In high-income countries, rates of atherosclerotic complications in type 2 diabetes have declined markedly over time due to better management of traditional risk factors including lipids, blood pressure and glycemia levels.

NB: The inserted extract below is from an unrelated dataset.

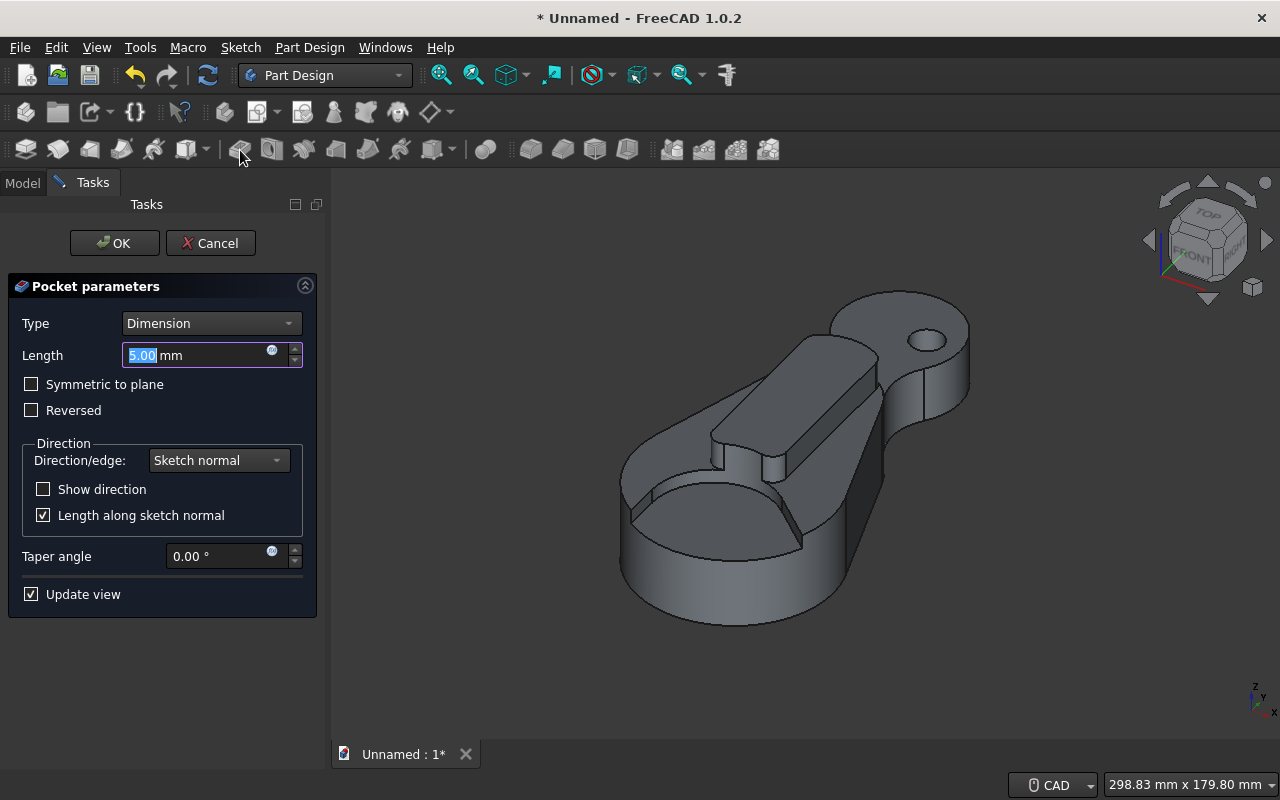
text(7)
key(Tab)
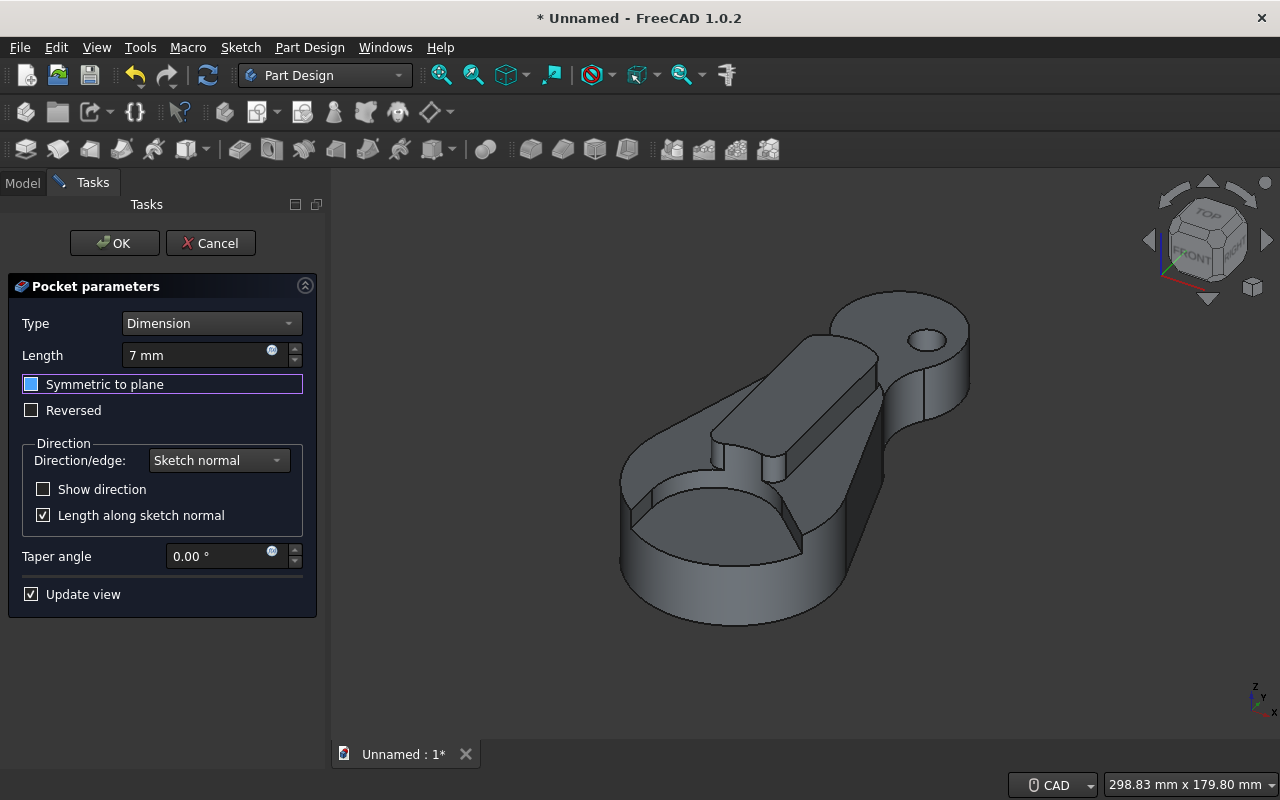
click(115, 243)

Population-wide reductions in smoking have also helped lower atherosclerotic complications and so reduce premature mortality in type 2 diabetes. However, as excess adiposity is a stronger driver for heart failure (HF), and obesity levels have remained largely unchanged, HF risks have not declined as much and may even be rising in the increasing number of people developing type 2 diabetes at younger ages. Excess weight is also an underrecognized risk factor for chronic kidney disease (CKD). Based on evidence from a range of sources, we explain how excess adiposity must be influencing most risks well before diabetes develops, particularly in younger-onset diabetes, which is linked to greater excess adiposity. We also review potential mechanisms linking excess adiposity to HF and CKD and speculate on how some of the responsible pathways—e.g., hemodynamic, cellular overnutrition, and inflammatory—could be favorably influenced by intentional weight loss (via lifestyle or drugs). On the basis of available evidence, we suggest that the cardiorenal outcome benefits seen with sodium–glucose cotransporter 2 inhibitors may partially derive from their interference of some of these same pathways. We also note that many other complications common in diabetes (e.g., hepatic, joint disease, perhaps mental health) are also variably linked to excess adiposity, the aggregated exposure to which has now increased in type 2 diabetes. All such observations suggest a greater need to tackle excess adiposity earlier in type 2 diabetes.

中文翻译:

2 型糖尿病患者的心血管和肾脏风险:当代对过度肥胖的认识

在高收入国家,由于对血脂、血压和血糖水平等传统危险因素的更好管理,2型糖尿病动脉粥样硬化并发症的发生率随着时间的推移显着下降。全民吸烟量的减少也有助于降低动脉粥样硬化并发症,从而降低 2 型糖尿病的过早死亡率。然而,由于过度肥胖是心力衰竭 (HF) 的一个更强有力的驱动因素,而且肥胖水平基本保持不变,因此,心力衰竭的风险并没有下降那么多,甚至在越来越多的年轻时患上 2 型糖尿病的人中,心力衰竭的风险甚至可能上升。体重过重也是慢性肾脏病 (CKD) 的一个未被充分认识的危险因素。基于来自多种来源的证据,我们解释了过度肥胖如何在糖尿病发生之前就影响大多数风险,特别是在年轻发病的糖尿病中,这与更大的过度肥胖有关。我们还回顾了过度肥胖与心力衰竭和慢性肾病之间的潜在机制,并推测一些相关途径(例如血流动力学、细胞营养过剩和炎症)如何受到有意减肥(通过生活方式或药物)的有利影响。根据现有证据,我们认为钠-葡萄糖协同转运蛋白 2 抑制剂对心肾结果的益处可能部分源于它们对某些相同途径的干扰。我们还注意到,糖尿病中常见的许多其他并发症(例如肝脏、关节疾病,或许还有心理健康)也与过度肥胖存在不同程度的相关性,目前 2 型糖尿病中肥胖的总暴露量有所增加。所有这些观察结果表明,更需要在 2 型糖尿病早期解决过度肥胖问题。